We used vcftools to filter the resulting vcf, removing indels, SNPs with more than 75% missing data and minor allele frequencies less than 5%. This filtered vcf was used to characterize the genomic composition of birds. We used the ‘HIest’ package in R103 for this analysis. HIest summarizes hybrid genomes using both the proportion of alleles coming from each ancestral population and interclass heterozygosity. It requires allele frequencies from parental populations; these should come from SNPs that are (nearly) diagnostic of parental forms. We used data from the parental populations described under ‘Sequence divergence’ to obtain these estimates, using 8 individuals/population to identify SNPs with FST greater than 0.95 (excluding those located on the sex chromosomes and a putative inversion on scaffold one and thinning to one SNP per 10000 bases) and estimating allele frequencies at these SNPs using the remaining 7 individuals/population. We obtained estimates of ancestry and interspecific heterozygosity for all (>800) birds but present data from those used in the present study here (Fig. S1).
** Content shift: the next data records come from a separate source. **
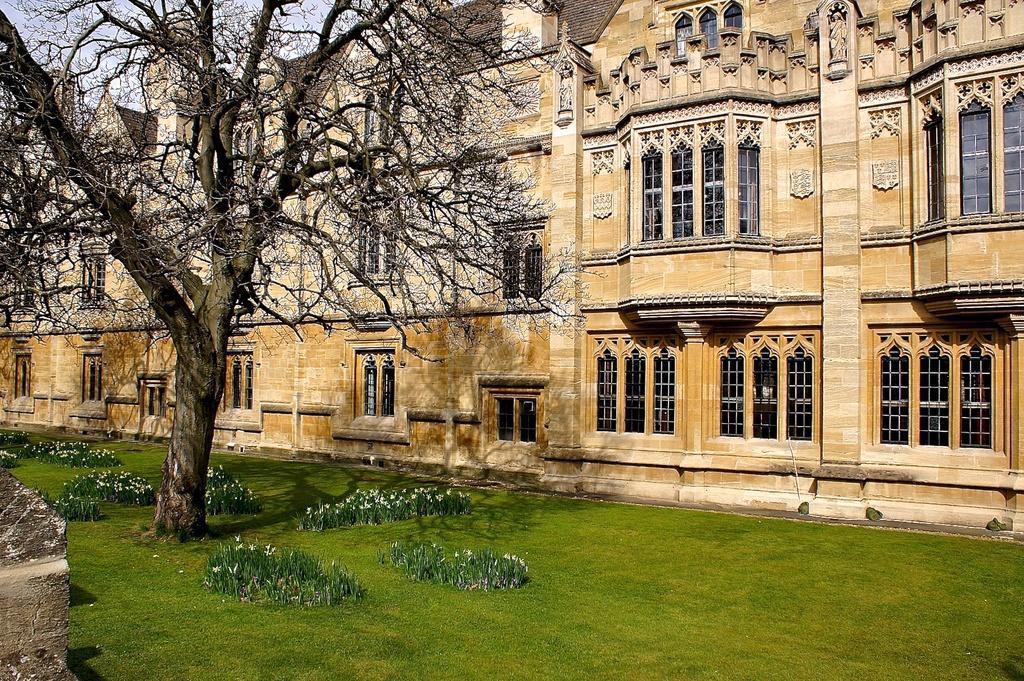Can you describe this image briefly? In this picture we can see a building here, there are some glass windows here, at the bottom there is grass, we can see some plants and a tree here, there is the sky at the left top of the picture. 
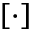<formula> <loc_0><loc_0><loc_500><loc_500>[ \cdot ]</formula> 
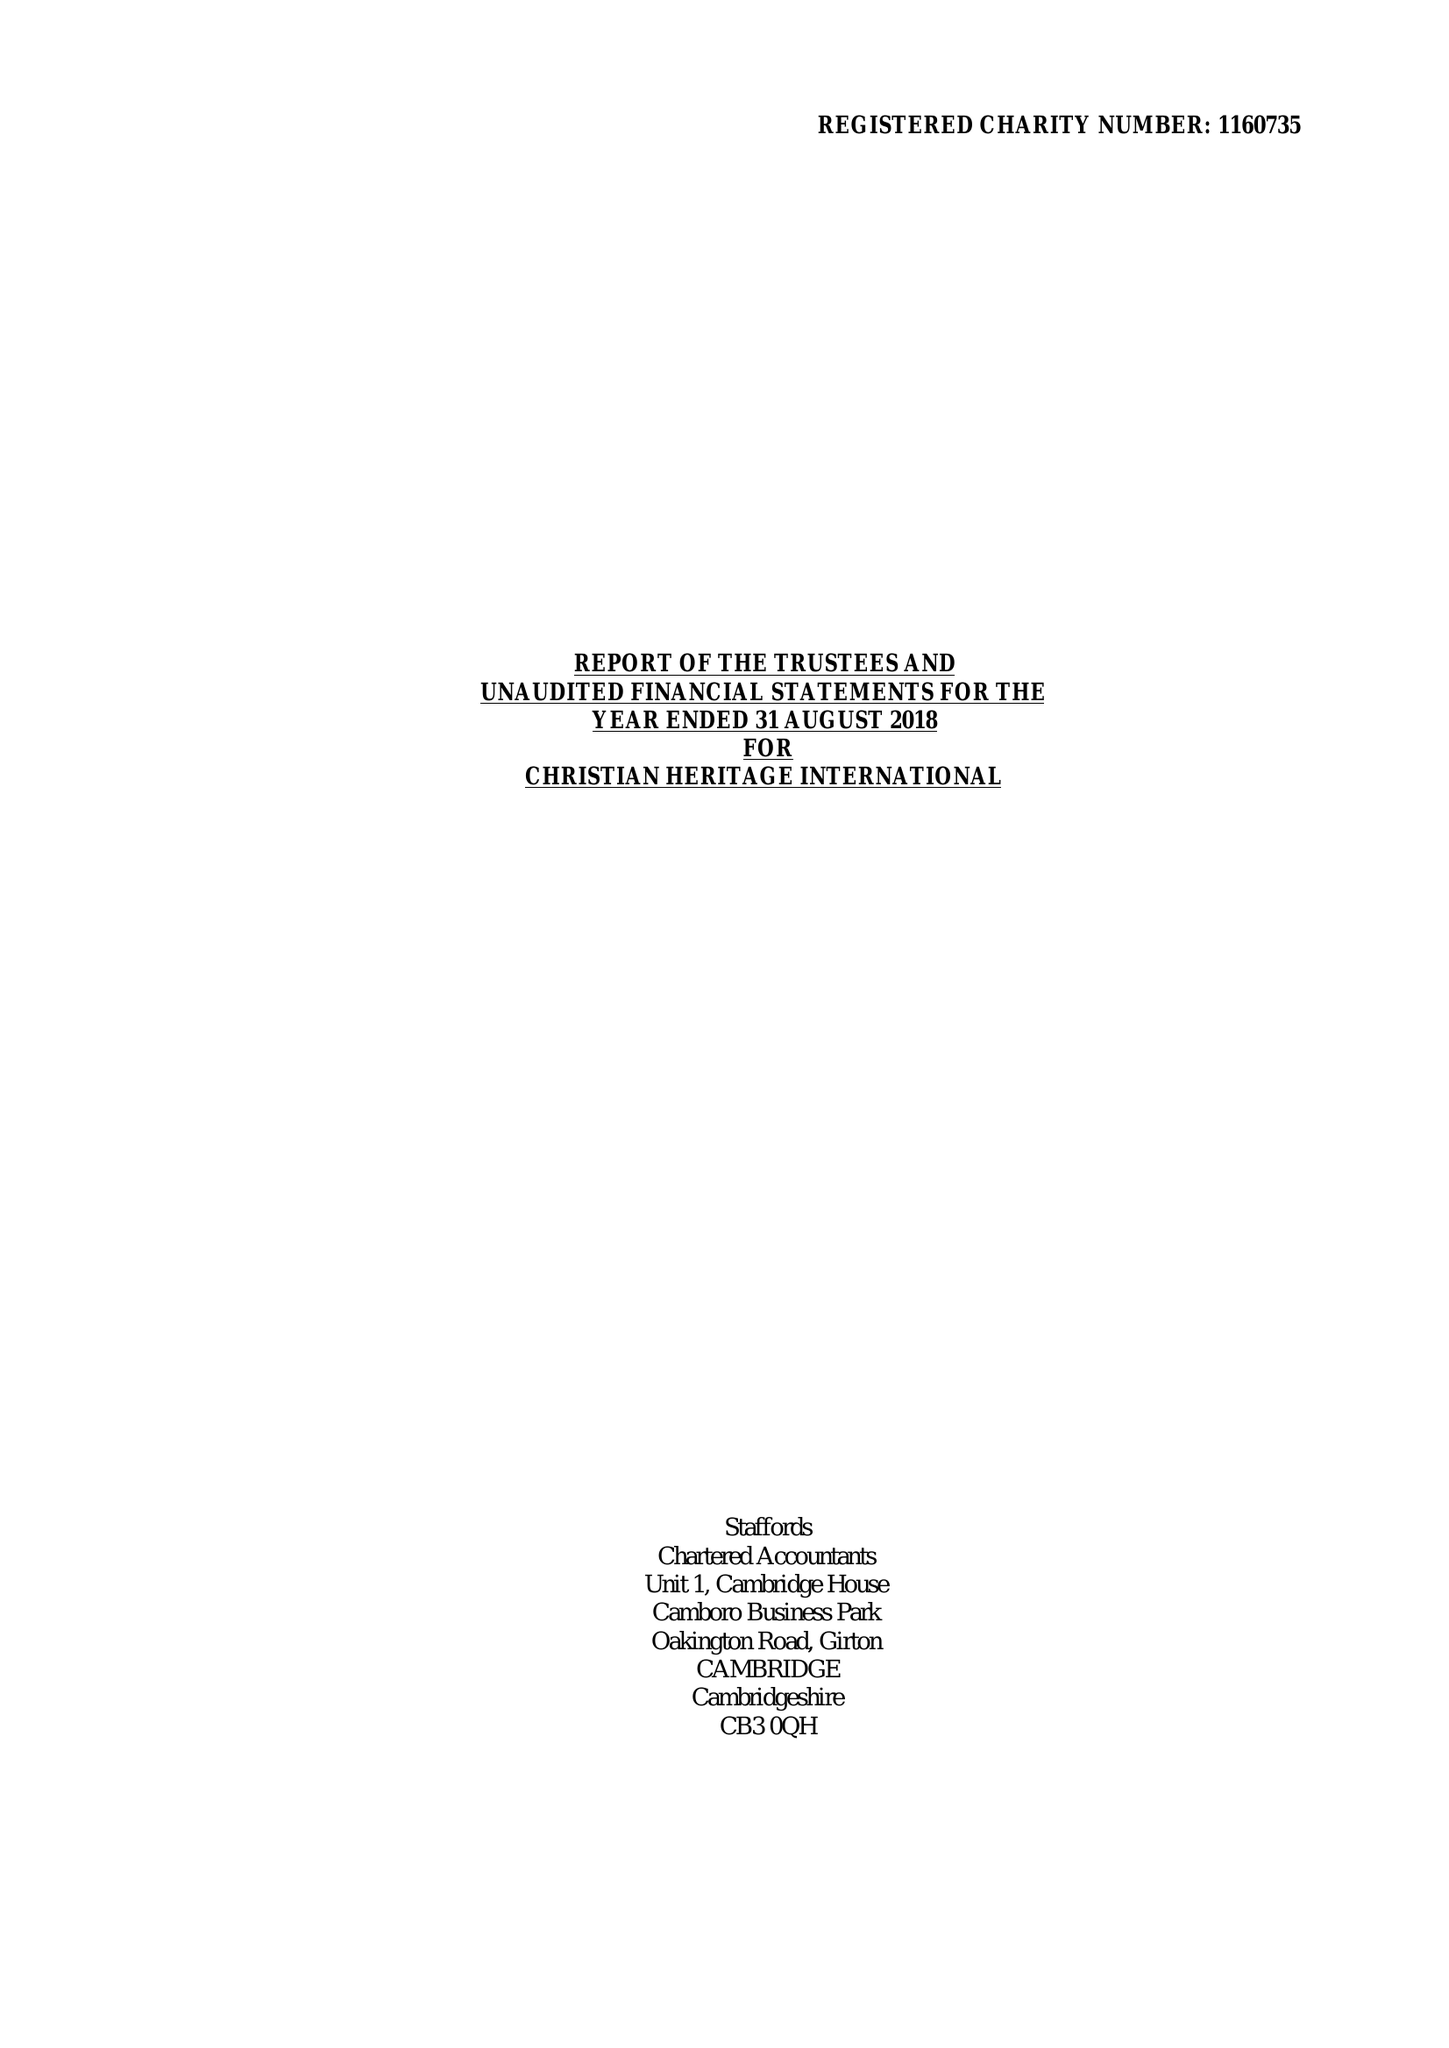What is the value for the address__postcode?
Answer the question using a single word or phrase. HA6 2UR

A note concerning the accuracy of our imputation pipeline. We assessed its accuracy using a cross-validation approach, randomly selecting four hybrids that were originally sequenced to low-coverage to be sequenced to high coverage. We used samtools to randomly subsample reads from each individual to mimic low-coverage sequencing (at 1, 2, 4 and 7× coverage) and compared genotypes called using high-coverage data (i.e., “true” genotypes) to those estimated using low-coverage data. Comparisons were made using the squared linear correlation coefficient at a minor allele cutoff of 0.5, with r2 values averaged across sites and samples obtain a single summary for each coverage. Fig. S2 shows these results, with accuracy starting at ~0.95 at 1× coverage and increasing to ~0.975 at 4×.

Meta analysis

We used the Web of Science database to identify studies on the genetics of bird migration. We limited our search to the years 2015–2021 and used the following keywords: “((bird OR avian) AND (migration OR migratory) AND gene).” Ruegg et al.104 conducted a similar search for years before 2015. We included their genes in our list precluding the need to rerun those years. The search returned 923 articles which were filtered for relevance. We limited our analysis to studies using de novo approaches (vs. candidate genes), examining differences in gene expression (vs. for example genomic studies) and the transition between non-migratory and migratory states. We included two studies that did not examine this transition in the same species but compared migratory and non-migratory birds in a partially migratory population of European blackbirds38 and two subspecies of dark-eyed junco that differ in their propensity to migrate105 as some of the same genes may distinguish groups in these comparisons as well.

Note, Johnston58 conducted a similar study in Swainson’s thrushes. They compared patterns between winter and fall migration and focused on the hypothalamus and optic chiasma. Only one gene from Johnson58 overlapped with results from the hypothalamus in our study (GPR17). This is not more than expected by chance and likely relates to differences in study design; for example, we sampled birds within a three-hour time window, one hour after lights out and under red light conditions to ensure circadian genes were unaffected by white light. Johnson58 sampled birds throughout the day and analyzed data from both brain regions together. Accordingly, we limit the number of comparisons drawn between our work and Johnson58.

Reporting summary

Further information on research design is available in the Nature Portfolio Reporting Summary linked to this article.